Here, you have to lower Relax IR before generating LLVM, through tvm.relax.build that gives a VMExecutable of which you retrieve the module.
It’s usually simpler to get llvm code from TIR (that you can get from lowering Relax to TIR, for example with tvm.relax.transform.LegalizeOps)

@I.ir_module
class TirModule:
    @T.prim_func
    def add(x: T.Buffer((T.int64(3), T.int64(4)), "float32"), y: T.Buffer((T.int64(3), T.int64(4)), "float32"), T_add: T.Buffer((T.int64(3), T.int64(4)), "float32")):
        T.func_attr({"tir.noalias": T.bool(True)})
        # with T.block("root"):
        for ax0, ax1 in T.grid(T.int64(3), T.int64(4)):
            with T.block("T_add"):
                v_ax0, v_ax1 = T.axis.remap("SS", [ax0, ax1])
                T.reads(x[v_ax0, v_ax1], y[v_ax0, v_ax1])
                T.writes(T_add[v_ax0, v_ax1])
                T_add[v_ax0, v_ax1] = x[v_ax0, v_ax1] + y[v_ax0, v_ax1]

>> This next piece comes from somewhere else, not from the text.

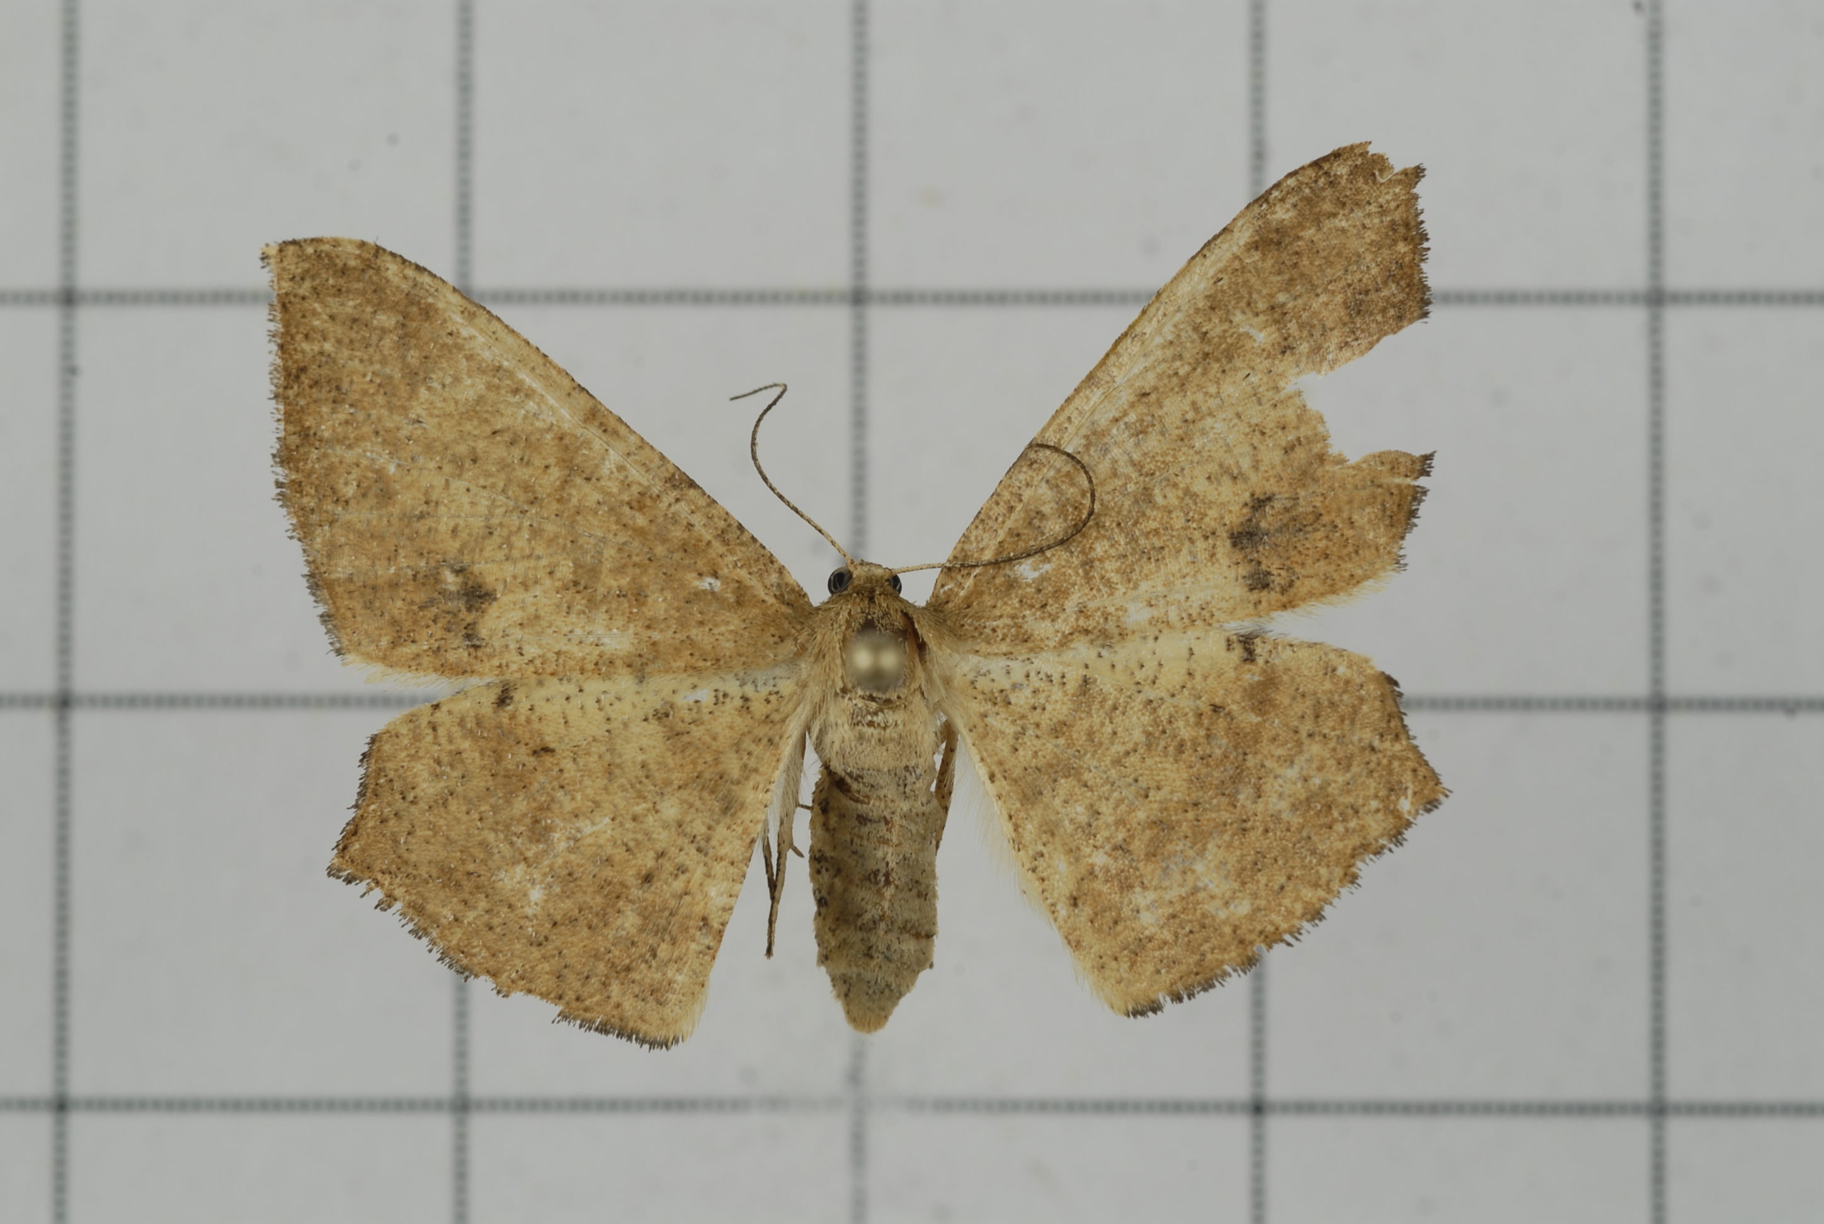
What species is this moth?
Krananda falcata

print(tvm.build(TirModule, target="c").get_source()) # or target="llvm" of course

I’d suggest looking at tir_to_runtime. This function calls codegen_build which in turn calls the appropriate target build function (e.g., target.build.llvm for the llvm target).

Yes, this solves my problem. Thank you. To me, the most confusing part is the python object hierarchy: so you write a Relax module (tvm.ir.module.IRModule), get a VMExecutable (tvm.relax.vm_build.VMExecutable) after relax.build() the module, the returned object has a method as_text() to show some kindof VM-instr representation and can be emulated on the host machine. Yet, there is a “lowered module” (tvm.runtime.module.Module) that can be either retrieved by VMExecutable.mod or directly from hand-written TE/TIR script, and only the lower Module can be built by tvm.build().

P.S. Would appreciate if these info is updated in the official tutorial sample code and well-documented.